The effectiveness of fenfluramine for the treatment of seizures associated with Dravet syndrome was demonstrated in two clinical studies in 202 subjects between ages two and eighteen. The studies measured the change from baseline in the frequency of convulsive seizures. In both studies, subjects treated with fenfluramine had significantly greater reductions in the frequency of convulsive seizures during the trials than subjects who received placebo (inactive treatment). These reductions were seen within 3–4 weeks, and remained generally consistent over the 14- to 15-week treatment periods.

The U.S. Food and Drug Administration (FDA) granted the application for fenfluramine priority review and orphan drug designations. The FDA granted approval of Fintepla to Zogenix, Inc.

On 15 October 2020, the Committee for Medicinal Products for Human Use (CHMP) of the European Medicines Agency (EMA) adopted a positive opinion, recommending the granting of a marketing authorization for the medicinal product Fintepla, intended for the treatment of seizures associated with Dravet syndrome. Fenfluramine was approved for medical use in the European Union in December 2020.

==Society and culture==
===Legal status===
====Canada====
Fenfluramine is not a controlled substance in Canada as of 2025.

====United States====
Fenfluramine is a prescription medication in the United States. It was removed from Schedule IV of the Controlled Substances Act in December 2022.

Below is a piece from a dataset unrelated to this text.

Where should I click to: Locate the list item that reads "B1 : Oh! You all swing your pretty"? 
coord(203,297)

===Recreational use and effects===
Unlike various other amphetamine derivatives, fenfluramine is reported to be dysphoric, "unpleasantly lethargic", and non-addictive at therapeutic doses. However, it has been reported to be used recreationally at high doses ranging between 80 and 400 mg, which have been described as producing euphoria, amphetamine-like effects, sedation, and hallucinogenic effects, along with anxiety, nausea, diarrhea, and sometimes panic attacks, as well as depressive symptoms once the drug had worn off. At very high doses (e.g., 240 mg, or between 200 and 600 mg), fenfluramine induces a psychedelic state resembling that produced by lysergic acid diethylamide (LSD).

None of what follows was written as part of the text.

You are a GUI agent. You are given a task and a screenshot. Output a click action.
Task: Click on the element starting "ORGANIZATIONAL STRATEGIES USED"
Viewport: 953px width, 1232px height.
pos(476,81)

Fenfluramine has been found to produce acute effects in humans including decreased arousal, elation, and positive mood, decreased anxiety at lower doses and increased anxiety at higher doses, drug disliking, confusion, reduced psychomotor performance, reduced impulsivity, and decreased aggression. Whereas fenfluramine alone decreases positive mood and phentermine alone increases positive mood similarly to amphetamine, the combination of fenfluramine and phentermine results in a neutral impact on mood. Similarly fenfluramine diminishes the subjective effects of phentermine and amphetamine. In contrast to other serotonin releasers like MDMA and mephedrone, fenfluramine does not produce euphoria. The differing effects with fenfluramine may be attributable to its lack of concomitant dopamine release and its potent serotonin 5-HT_{2C} receptor agonism via its metabolite norfenfluramine.

==Research==
===Social deficits===
Fenfluramine has been reported to improve social deficits in children with autism. In addition, it has been found to produce prosocial behavior similarly to the entactogen MDMA in animals. However, fenfluramine has shown limited effectiveness in treating the symptoms of autism generally. Moreover, the cardiovascular toxicity and neurotoxicity of fenfluramine make it unsuitable for clinical use in the treatment of social deficits.